Tuesday, January 13, 2009

Re: Free speech in Israel

And two notable items from Haaretz on the possibility of a ceasfire in Gaza. 

But first, bloody essential reading on two issues that are quickly becoming favorites of mine: Mexican drug wars, and the only conceivable way of stopping them.

It looks like Egypt is pressuring Hamas into a one-year ceasefire with interim Turkish control of border crossings into Egypt. Since Hamas hasn't been able to behave itself during the daily 3-hour humanitarian ceasefires--and especially since a Turkish "peacekeeping" force probably won't be willing to actively reign in Hamas--this is a bum deal for the Israelis, and accepting it would be accepting the delusion that Egyptian political fecklessness (or grandstanding) is really moderation in disguise. It's not.

Except hey, check this out a few paragraphs from the end:


Maher Taher, a Popular Front for the Liberation of Palestine official representing the Palestinian organizations in Syria at the Cairo talks, utterly rejected the Egyptian initiative, which he said calls for a cease-fire of 10 to 15 years, the deployment of international forces in Gaza, and the suspension of weapons manufacturing and all smuggling into Gaza.


So Hamas wants out, but might not want out. The Egyptian government wants to solve its own security dilemma vis-a-vis its border with Gaza while maintaining its standing as a moderate and pro-western Arab state--without bringing it into open conflict with Syrian and Iranian interests, and without empowering the country's sizable Islamist opposition.
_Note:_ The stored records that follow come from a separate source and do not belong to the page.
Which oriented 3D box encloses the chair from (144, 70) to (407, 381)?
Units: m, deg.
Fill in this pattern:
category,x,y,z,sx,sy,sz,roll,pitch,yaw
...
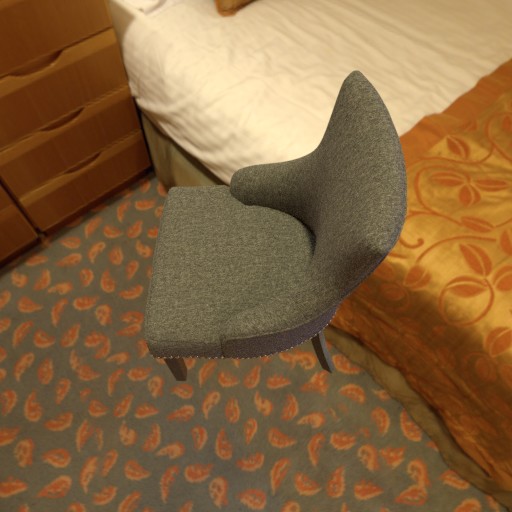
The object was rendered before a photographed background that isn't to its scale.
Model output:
category,x,y,z,sx,sy,sz,roll,pitch,yaw
chair,0.000,0.000,1.311,0.629,0.909,0.566,1,59,1

And Iran and Syria want to see some kind of return on their investment in resources and national prestiege, in the form of a meaningless ceasefire and the dead or injured Israelis such a ceasefire would entail.

This puts the current Israeli impasse in an interesting light: does Olmert realize that even at this late point there's pretty much no way of stopping the rocket fire, getting Gilad Shalit back and bringing some semblance of order to the Strip by negotiation alone? Even more fascinating: how could Livni and Barack possibly think otherwise?
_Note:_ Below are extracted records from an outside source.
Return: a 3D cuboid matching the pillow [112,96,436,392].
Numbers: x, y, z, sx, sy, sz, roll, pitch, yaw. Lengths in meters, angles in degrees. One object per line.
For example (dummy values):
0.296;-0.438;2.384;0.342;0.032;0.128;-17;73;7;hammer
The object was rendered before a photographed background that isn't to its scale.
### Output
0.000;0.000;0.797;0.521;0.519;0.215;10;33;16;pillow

And now to this post's titular issue: Danny wondered how Israel can defend free speech while at the same time curtailing it--this in response to the long-standing ban on seating anti-Zionist parties in the Knesset.

The cop-out answer is that the Knesset actually does seat parties that are anti-Zionist in the sense that they don't exactly conform to the minimalist definition of Zionism as support for a Jewish, democratic state in the Land of Israel. Hadash, for instance, supports a cooperative Jewish-Arab socialism that is basically binationalist--as I mentioned in my last post, they currently seat 3 MKs. There have also been parties that are religious enough to be considered anti-democratic, and they probably account for 10-15 seats currently: UTJ and maybe even Shas fall into this category. So "Jewish and democratic" can mean anything from "socialist with a large population of Jews who share in decision-making" to "hardcore Torah state in which all but the most religious are pretty much disenfranchised."

In reality, a party can drop the "Jewish" or "democratic" half of the "Jewish and democratic" criterion and still be kosher. Parties are only trefe--and this will hopefully help me pivot into the non cop-out answer--if they are neither Jewish nor democratic. Admittedly, this could disenfranchise anarchists, Arab nationalists, and Jewish extremists who believe in the dismantling of the current state (the now-outlawed Kach being the leading and possibly only example of this last camp...). But parties are only banned under really extreme circumstances--when their leader is an amateur terrorist like Meir Kehane, or a treasonous scumbag like Azmi Bishara. 

The 1992 parties law is easily abused, but seldom invoked. Which raises the question of why a democracy in which parties like UTJ, Hadash and Balad (usually) don't represent a crisis in the existence or self-definition of the state needs this kind of a limitation in the first place.

The usual bullshit answer is that in democracies, limitations on freedom of speech--whether they curtail your right to deny the Holocaust in Germany or Austria or your right to call for the expulsion of Arab citizens in Israel--are fundamentally pragmatic; that they're regrettable, self-consciously extreme, perhaps even last-ditch efforts at protecting values that would otherwise to vulnerable. But this logic gives into the paranoid fear that those values aren't resiliant enough to stand on their own. Indeed, the day when Zionism must be sustained by a formalized ban on anti-Zionism is the day that the Zionist project has officially failed.

No more convincing an answer is that these limitations are based on some Lockian concept of civic nationalism, whereby political communities are sustained by values that cannot be compromised. Thus the ban on anti-Zionist parties becomes a kind of revolt against whatever post-modern nihilism views "civic nationalism" or the "political community" as inconcequential, ephemeral, or even oppressive. 

I'd rather not use this as an opportunity to argue against the idea that freedom is only meaningful if it's granted to everyone and everything, or, conversely, that it's meaningless if it's ever denied to anyone--just to point out that Israel isn't America, and that parties do, from time to time, pose a pretty viable threat to the security of the state. Israel's already-tricky balance between democracy and security would be much better served if its future constitution bans parties on this basis and this basis alone.